Development of High Added Value Products from Industrial Minerals for Hybrid Energy Storage ^†

Abstract

Industrial minerals are at the forefront of innovation and play an essential role in many innovative applications. Their functionalities and properties make them very versatile materials which are essential to many industries. A combination of properties such as heat capacity, density, price, availability, and eco-friendliness are exceptional and crucially advantageous of industrial minerals utilisation as thermal energy storage (TES) systems. This technology stocks thermal energy by heating or cooling a storage medium so that the stored energy can be used at a later time for heating and cooling applications and power generation. In this context, the utilisation of industrial minerals as carriers for impregnating phase change materials (PCM) can deliver new innovative products acting as short-term energy storage systems for construction applications to the market. TES is a technology that can solve the existing mismatch of energy supply and demand and improve buildings’ system performance by smoothing temperature fluctuations, as well as improving the reliability of the heating and/or cooling source. However, the most recent publications in this area are focused on PCM-enhanced building components thermal and kinetics analysis rather than focusing on the building component scale. This study is focused on the industrial minerals-PCM application as part of the building’s envelope, aiming to determine the benefits for buildings in terms of thermal energy performance and renewable energy penetration based on real data, harvested by an intelligent monitored building in Lavrion Technological and Cultural Park operated solely for research activities.

1. Introduction

Energy and fuel crisis together with environmental pollution due to the significant waste generation poses major constraints to sustainable development. The sector of industrial minerals takes initiative in researching high added-value products to meet the demands of society and the European Union targets for increasing their penetration in the market.
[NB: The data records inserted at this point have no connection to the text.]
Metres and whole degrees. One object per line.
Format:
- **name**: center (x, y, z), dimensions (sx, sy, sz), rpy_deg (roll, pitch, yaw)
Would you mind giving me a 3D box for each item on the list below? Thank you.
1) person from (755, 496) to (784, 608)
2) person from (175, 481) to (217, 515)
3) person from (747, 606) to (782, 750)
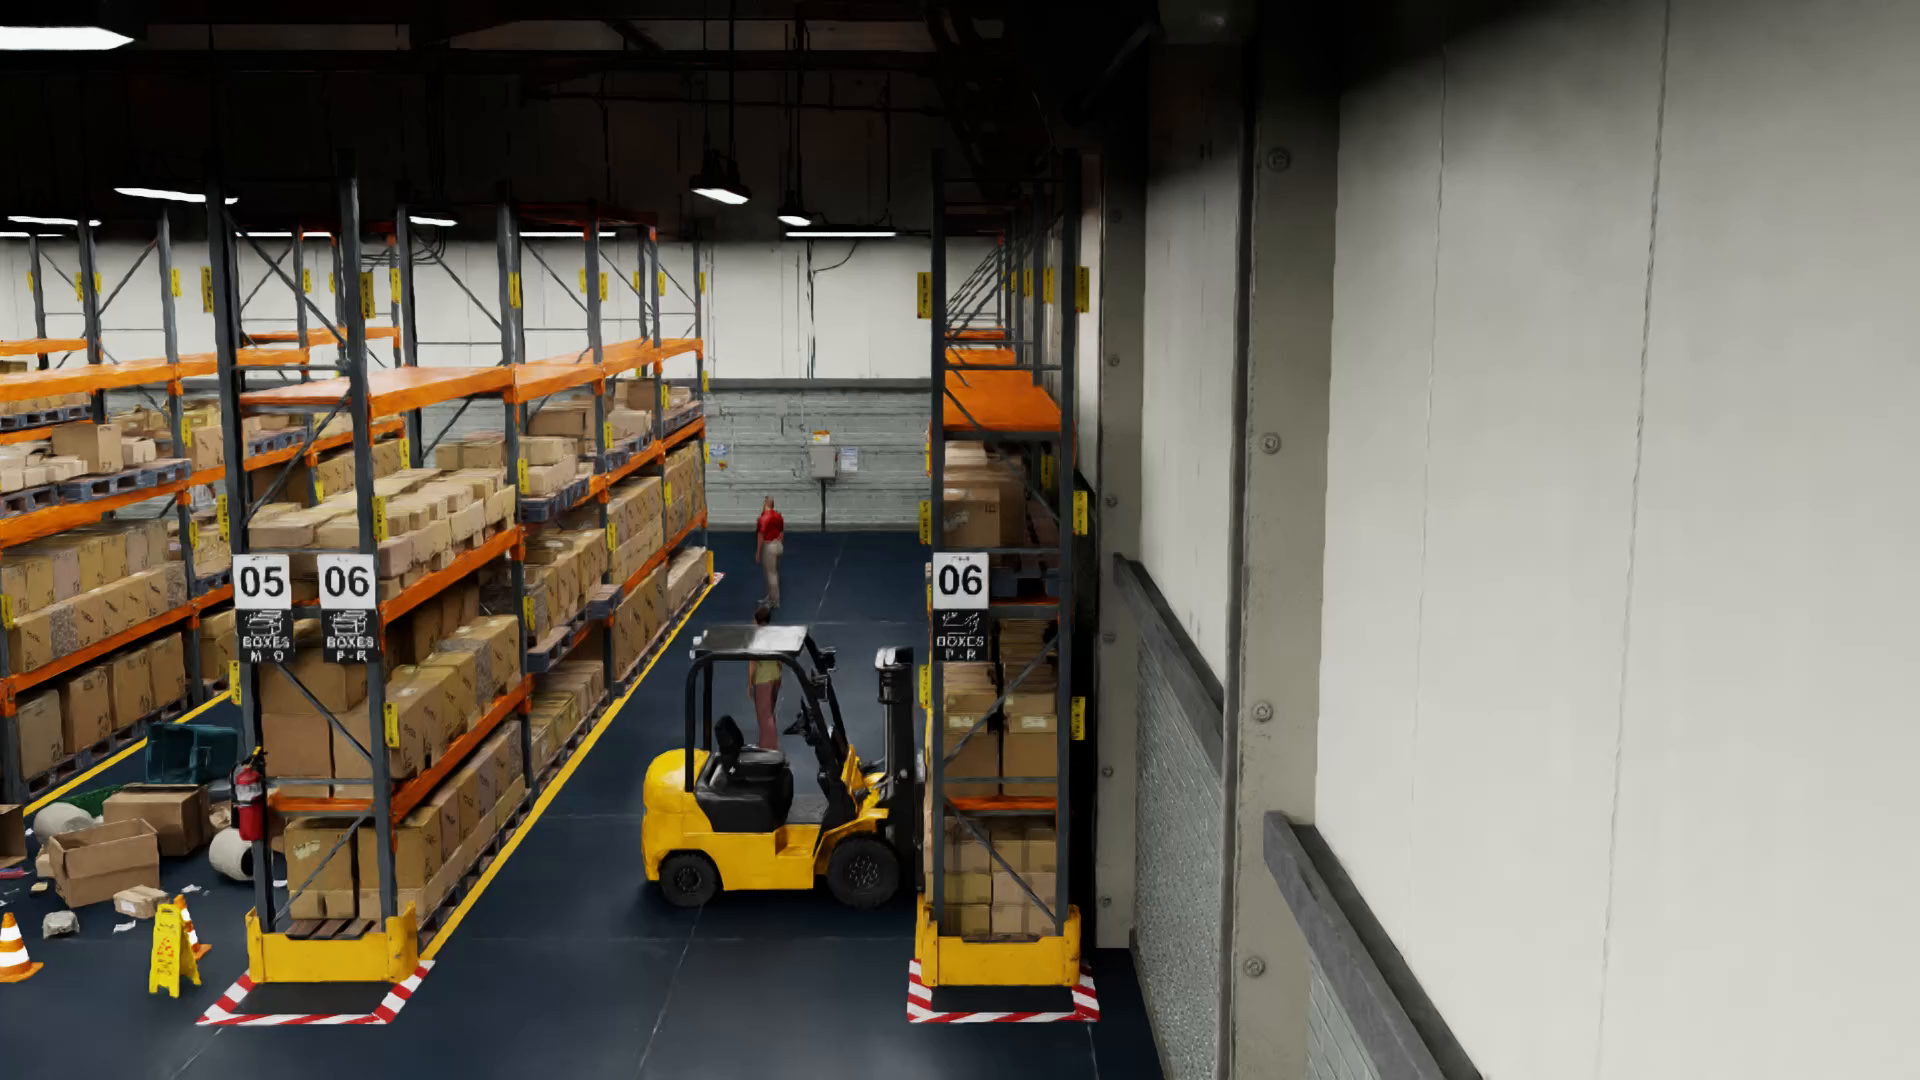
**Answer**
- **person**: center (-2.982, 0.161, 25.924), dimensions (0.553, 1.712, 0.623), rpy_deg (5, 10, 27)
- **person**: center (-14.229, -0.642, 31.009), dimensions (0.703, 1.718, 0.843), rpy_deg (-3, 10, -16)
- **person**: center (-2.116, 1.514, 17.681), dimensions (0.558, 1.668, 0.559), rpy_deg (5, 10, 28)

In this framework, new products from industrial materials are being engineered daily and their utilisation changes respectively. Industrial minerals are characterised by properties such as (i) high heat capacity, (ii) abundant availability, (iii) no flammability and (iv) eco-friendliness, which are exceptional and crucially advantageous in TES applications. Specifically, latent heat TES (LHTES) stock thermal energy by heating or cooling a storage medium so that the stored energy can be used at a later time for heating and cooling applications and power generation [1].
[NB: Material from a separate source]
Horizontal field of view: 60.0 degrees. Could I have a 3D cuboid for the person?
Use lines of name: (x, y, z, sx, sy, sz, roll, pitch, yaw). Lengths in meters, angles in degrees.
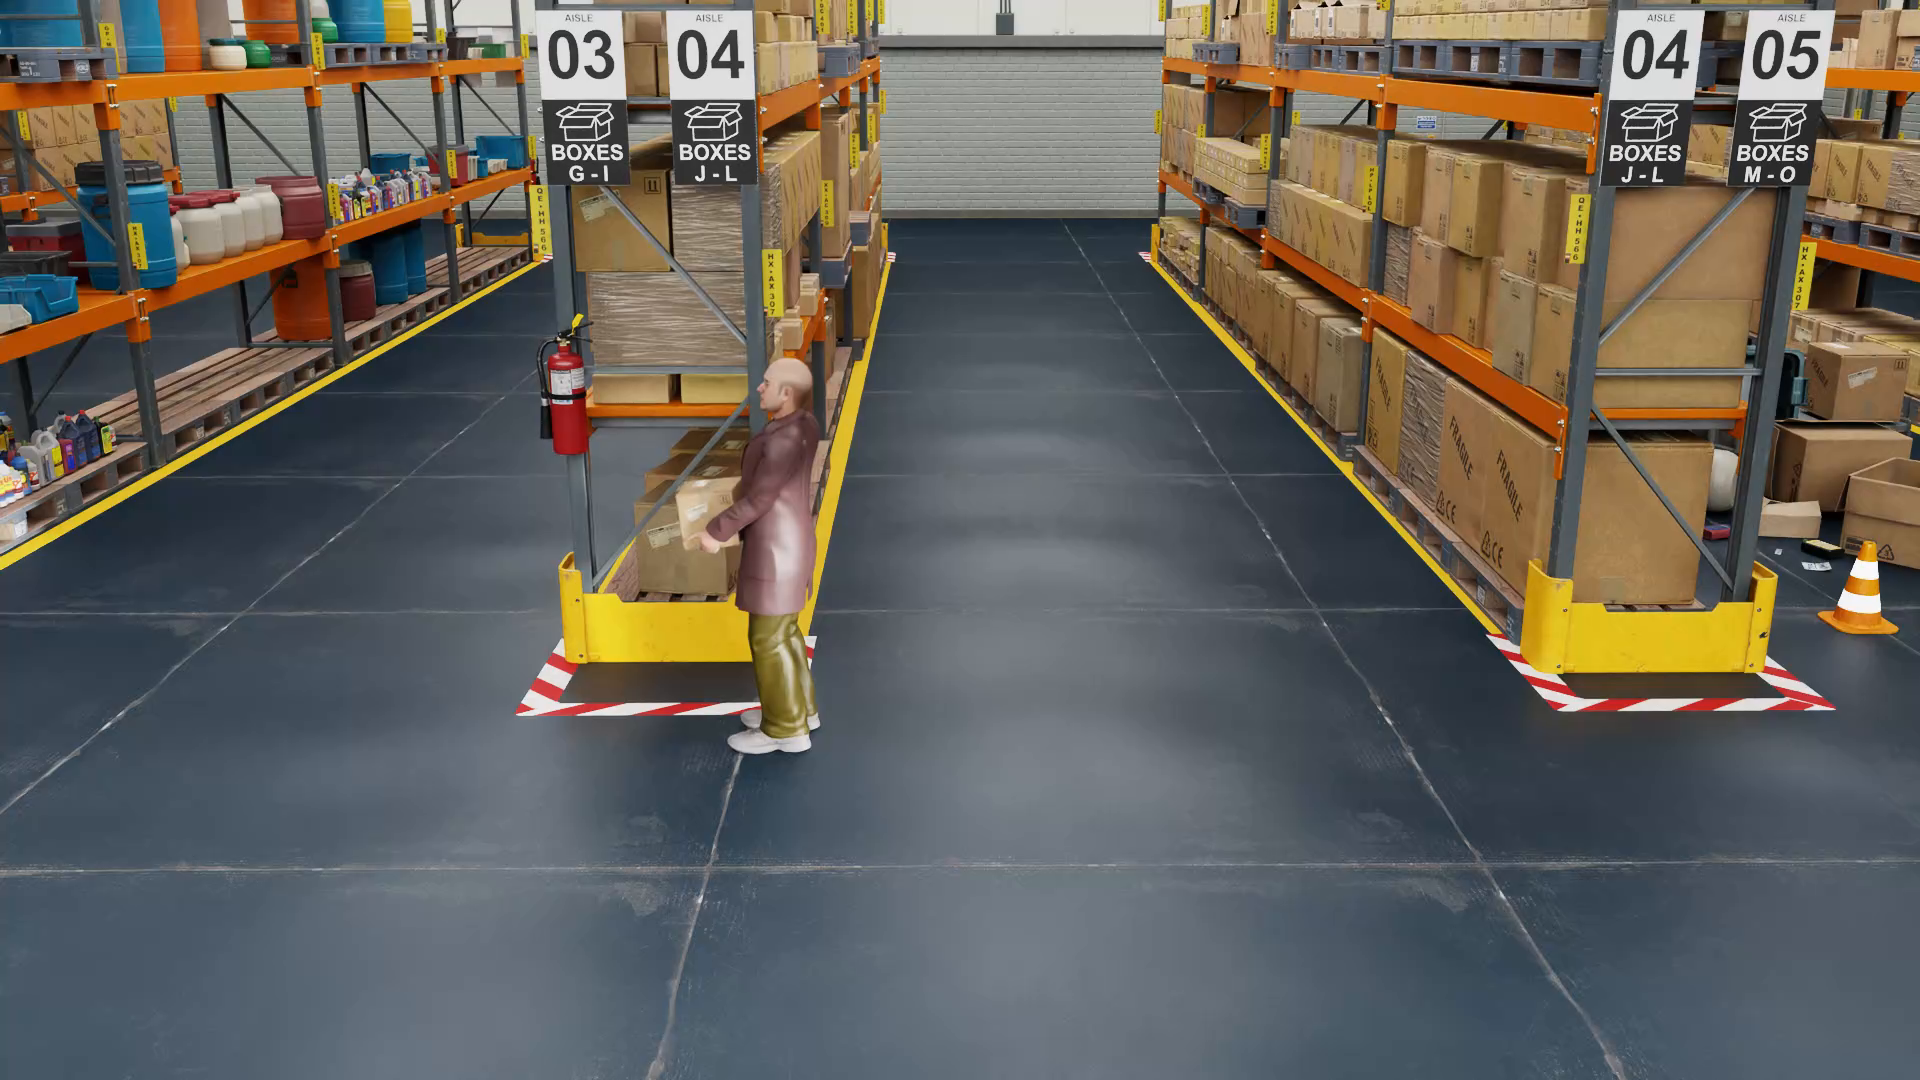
person: (-0.821, 0.065, 7.358, 0.429, 1.772, 0.642, 0, 17, 1)

According to recent studies, industrial minerals depict a great potential for being used also in LHTES applications in conjunction to buildings construction materials and with the incorporation of PCM into these materials for the overall building thermal performance [2,3,4,5]. Specifically, impregnating suitable PCMs into industrial materials and applying them on the building envelope (i.e., walls) has been researched for the last decades to reduce fluctuations of the interior temperature, improve human comfort, and offer energy savings for the building [4,6]. The LHTES stores thermal energy obtained by heating or cooling a storage medium in order to use the stored energy at a later time for heating and cooling applications. In this context, the development of a mortar able to store thermal energy by substituting industrial minerals with varying amounts of PCM composite deems prospects for improving building’s thermal performance and provides potential for renewable energy sources (RES) penetration increase compared with ordinary cement mortars as it increases the TES capacity of the building elements.
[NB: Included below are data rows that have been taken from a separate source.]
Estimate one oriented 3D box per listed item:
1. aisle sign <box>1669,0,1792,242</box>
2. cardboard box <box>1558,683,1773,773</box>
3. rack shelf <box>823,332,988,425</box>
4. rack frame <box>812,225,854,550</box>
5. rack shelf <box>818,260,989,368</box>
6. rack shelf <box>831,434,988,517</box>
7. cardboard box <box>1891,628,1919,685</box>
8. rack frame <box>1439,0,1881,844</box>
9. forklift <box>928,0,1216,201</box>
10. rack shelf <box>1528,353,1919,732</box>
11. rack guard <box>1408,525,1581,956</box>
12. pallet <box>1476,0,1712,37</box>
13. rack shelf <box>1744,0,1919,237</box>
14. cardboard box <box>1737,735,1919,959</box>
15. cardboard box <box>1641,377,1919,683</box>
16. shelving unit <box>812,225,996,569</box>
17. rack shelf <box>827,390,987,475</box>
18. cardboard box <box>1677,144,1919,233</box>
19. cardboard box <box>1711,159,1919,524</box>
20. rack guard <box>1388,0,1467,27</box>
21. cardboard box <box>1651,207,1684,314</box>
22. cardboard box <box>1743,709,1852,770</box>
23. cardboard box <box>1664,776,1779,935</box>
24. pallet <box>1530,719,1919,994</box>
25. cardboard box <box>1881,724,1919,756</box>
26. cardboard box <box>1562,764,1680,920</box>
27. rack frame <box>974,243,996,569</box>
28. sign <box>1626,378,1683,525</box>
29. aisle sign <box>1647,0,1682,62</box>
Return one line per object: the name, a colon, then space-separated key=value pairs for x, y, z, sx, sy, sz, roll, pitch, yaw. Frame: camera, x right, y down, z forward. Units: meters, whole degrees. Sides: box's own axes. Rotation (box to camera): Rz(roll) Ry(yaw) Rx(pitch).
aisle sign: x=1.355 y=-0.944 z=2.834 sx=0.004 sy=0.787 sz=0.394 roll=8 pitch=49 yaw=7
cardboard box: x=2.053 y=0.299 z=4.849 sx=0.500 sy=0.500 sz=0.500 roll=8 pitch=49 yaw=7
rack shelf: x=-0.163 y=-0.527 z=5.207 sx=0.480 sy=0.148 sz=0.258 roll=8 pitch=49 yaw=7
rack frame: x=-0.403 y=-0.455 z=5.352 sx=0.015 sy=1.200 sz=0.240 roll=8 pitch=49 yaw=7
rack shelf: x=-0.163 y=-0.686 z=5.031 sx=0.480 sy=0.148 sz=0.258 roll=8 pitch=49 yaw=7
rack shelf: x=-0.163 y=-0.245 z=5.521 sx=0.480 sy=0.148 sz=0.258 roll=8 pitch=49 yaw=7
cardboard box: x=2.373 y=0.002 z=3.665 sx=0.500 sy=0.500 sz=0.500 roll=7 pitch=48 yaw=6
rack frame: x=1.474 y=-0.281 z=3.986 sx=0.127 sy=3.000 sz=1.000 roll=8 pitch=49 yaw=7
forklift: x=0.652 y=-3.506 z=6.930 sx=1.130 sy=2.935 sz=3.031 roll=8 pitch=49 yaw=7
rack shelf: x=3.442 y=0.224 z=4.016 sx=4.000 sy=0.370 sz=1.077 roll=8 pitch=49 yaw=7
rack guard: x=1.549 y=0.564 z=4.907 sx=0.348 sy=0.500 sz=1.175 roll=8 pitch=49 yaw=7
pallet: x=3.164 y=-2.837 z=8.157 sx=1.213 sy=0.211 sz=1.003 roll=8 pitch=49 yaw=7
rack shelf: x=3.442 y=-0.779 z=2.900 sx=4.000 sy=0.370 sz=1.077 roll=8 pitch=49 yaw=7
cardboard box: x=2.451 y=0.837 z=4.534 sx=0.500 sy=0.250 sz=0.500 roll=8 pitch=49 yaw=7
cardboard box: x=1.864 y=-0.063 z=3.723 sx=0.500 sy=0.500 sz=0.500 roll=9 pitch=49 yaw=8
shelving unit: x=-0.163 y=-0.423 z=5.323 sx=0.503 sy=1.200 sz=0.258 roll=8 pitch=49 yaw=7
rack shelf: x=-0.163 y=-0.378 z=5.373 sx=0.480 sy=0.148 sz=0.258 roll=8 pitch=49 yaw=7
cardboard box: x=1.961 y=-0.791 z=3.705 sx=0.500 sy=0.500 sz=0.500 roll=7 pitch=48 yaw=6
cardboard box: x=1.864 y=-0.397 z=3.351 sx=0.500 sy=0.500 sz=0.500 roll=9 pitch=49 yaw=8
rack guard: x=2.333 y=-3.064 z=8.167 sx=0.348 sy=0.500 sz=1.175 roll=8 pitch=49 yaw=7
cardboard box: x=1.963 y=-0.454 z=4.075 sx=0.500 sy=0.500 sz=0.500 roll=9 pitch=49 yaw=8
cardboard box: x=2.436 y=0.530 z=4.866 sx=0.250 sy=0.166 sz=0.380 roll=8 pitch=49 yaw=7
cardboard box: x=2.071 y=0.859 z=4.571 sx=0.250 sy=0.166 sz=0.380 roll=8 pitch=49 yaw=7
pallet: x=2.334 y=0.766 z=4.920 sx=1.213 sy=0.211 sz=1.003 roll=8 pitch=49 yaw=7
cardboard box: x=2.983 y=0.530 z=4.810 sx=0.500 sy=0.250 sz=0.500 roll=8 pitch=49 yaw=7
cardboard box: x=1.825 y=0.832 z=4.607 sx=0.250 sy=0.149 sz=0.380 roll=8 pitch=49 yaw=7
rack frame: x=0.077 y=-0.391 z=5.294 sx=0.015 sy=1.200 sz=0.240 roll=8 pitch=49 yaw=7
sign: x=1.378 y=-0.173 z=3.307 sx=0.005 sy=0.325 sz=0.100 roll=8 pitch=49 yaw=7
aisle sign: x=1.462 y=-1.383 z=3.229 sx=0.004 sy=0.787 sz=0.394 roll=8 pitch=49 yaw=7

The main objective of this study is to investigate the potential of using industrial minerals-PCM as fillers in mortars of the building’s envelop in terms of thermal energy performance and RES penetration for buildings. The analysis is performed in a simulation environment (i.e., EnergyPlus, MATLAB) using calibrated models, based on real data harvested by an intelligent monitored building in Lavrion Technological and Cultural Park (LTCP) operated solely for research activities.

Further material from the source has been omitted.